Julien est salarié agri­cole dans la Somme ; Jus­tine est étu­di­ante dans le domaine ani­malier dans le Nord. Ces deux mem­bres des Jeunes Agricul­teurs n’écoutent pas le Prési­dent : «On attend les répons­es con­crètes. On a l’habitude de l’entendre par­ler pour rien dire, dis­ent-ils à Vert. Notre tra­vail n’est pas assez val­orisé».

Julien tra­vaille avec ses par­ents dans une ferme d’expérimentation végé­tale où l’on crée de nou­velles var­iétés. Il souhaite s’installer ailleurs pour élever des vach­es à lait ou à viande, mais il ne peut pas pour l’instant, faute de moyen et de place. «Je sais que dans les dix ans, beau­coup d’exploitations vont être à ven­dre, mais pour l’instant, je n’ai pas trou­vé, explique-t-il. La quan­tité de papiers à fournir pour s’installer et pour pré­ten­dre à des labels sont un peu effrayants aus­si, grince-t-il. Ça dis­suade un peu».

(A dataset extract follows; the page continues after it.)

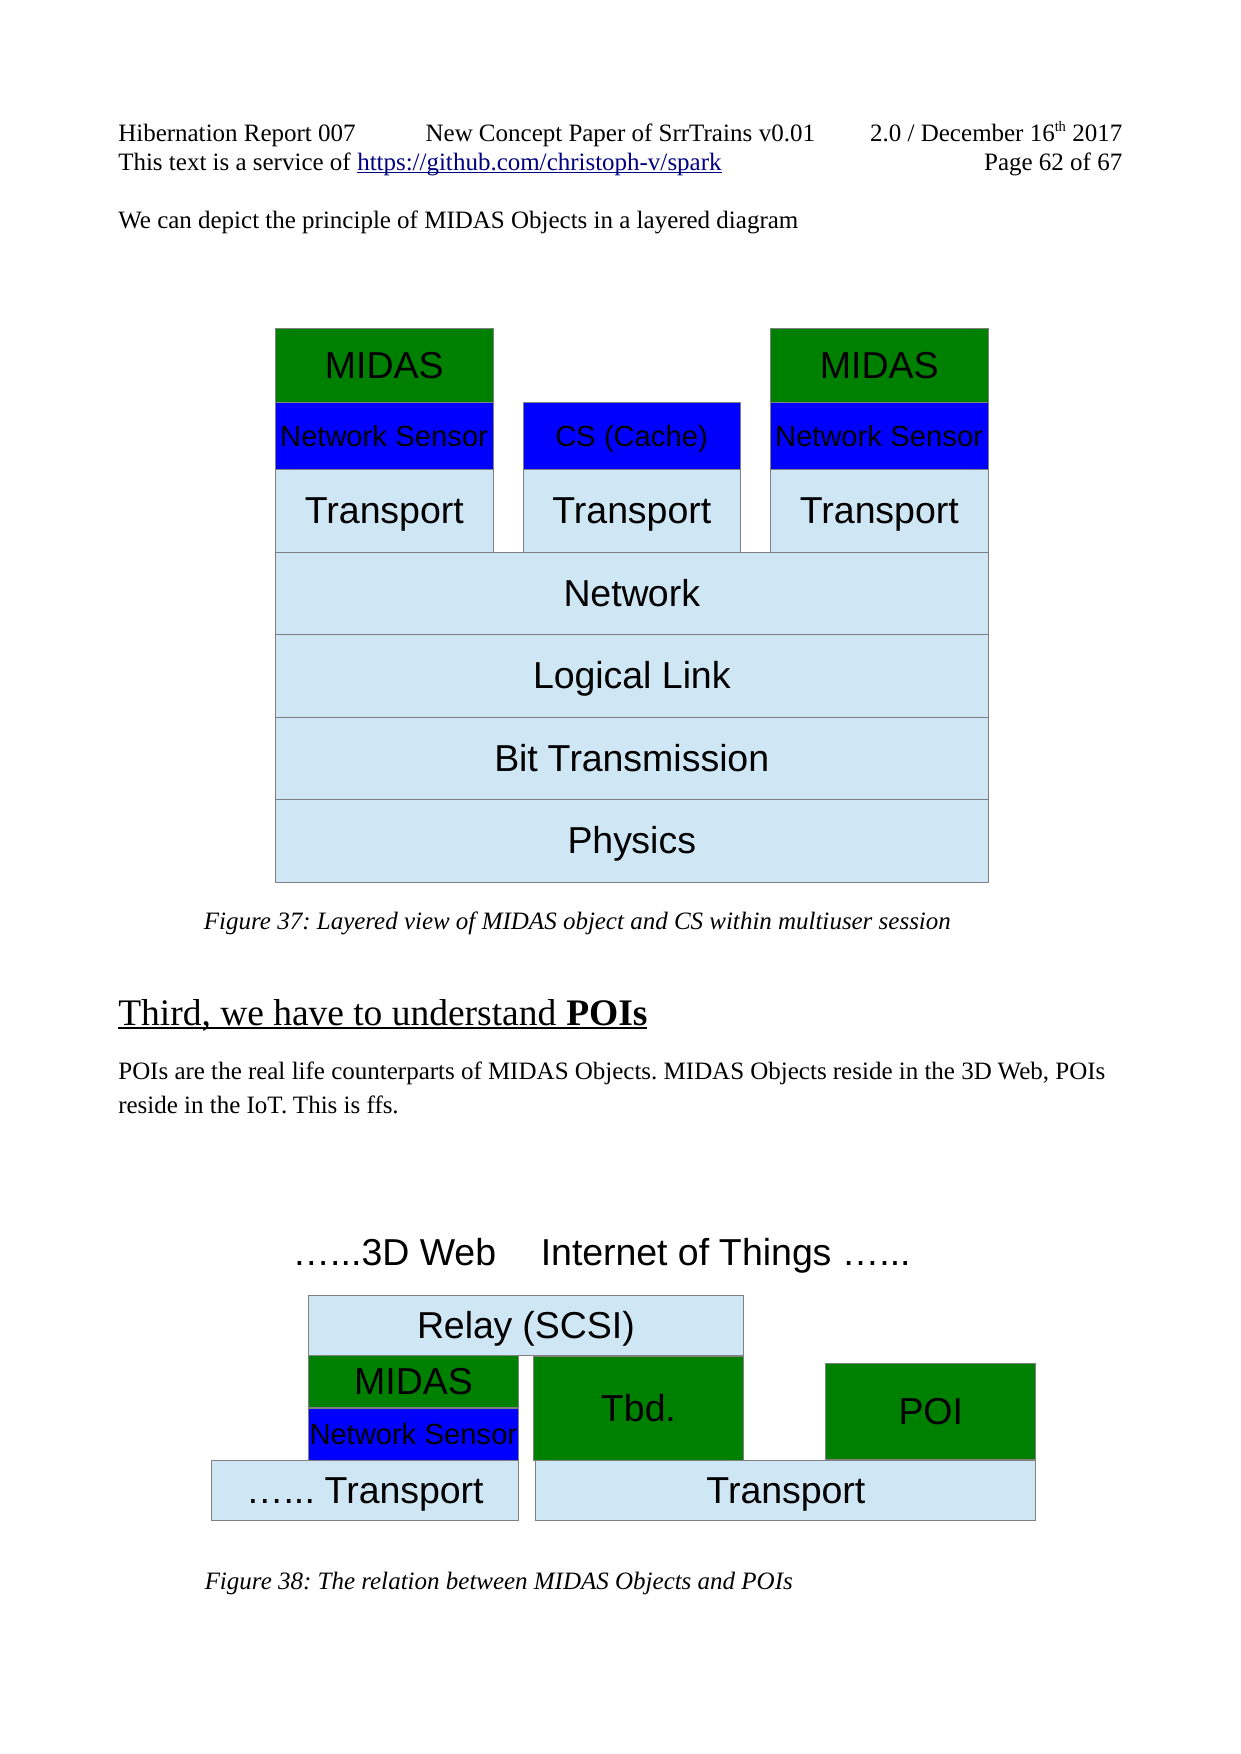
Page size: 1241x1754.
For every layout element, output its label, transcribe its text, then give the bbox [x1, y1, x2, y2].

Julien et Jus­tine arborent les couleurs de leur syn­di­cat dans les allées presque vides du Salon. ©Alexan­dre Carré/Vert

Jus­tine ne sait pas encore très bien dans quel type d’élevage elle pra­ti­quera, mais elle sait déjà qu’«il va fal­loir qu’on s’habitue aux change­ments cli­ma­tiques. Je pense qu’on est prêt à chang­er, mais il faut que la rémunéra­tion suive». Actuelle­ment, les prix des pro­duits issus de l’agriculture biologique avoisi­nent ceux de l’agriculture con­ven­tion­nelle : «Ce n’est pas nor­mal qu’un agricul­teur qui fait l’effort de se pass­er de pes­ti­cides ou d’engrais chim­iques soit con­traint de ven­dre ses pro­duits au même prix qu’un autre qui ne fait pas l’effort».

Si cer­taines annonces vont dans le bon sens selon les syn­di­cats, la majorité des voix qui se sont élevées same­di matin, comptent main­tenir la mobil­i­sa­tion dans l’attente de résul­tats con­crets sur le ter­rain. «Aujourd’hui, il n’y a plus de syn­di­cat ou de par­tis poli­tique, résume Dominique Pipet. On est tous sous la même ban­nière».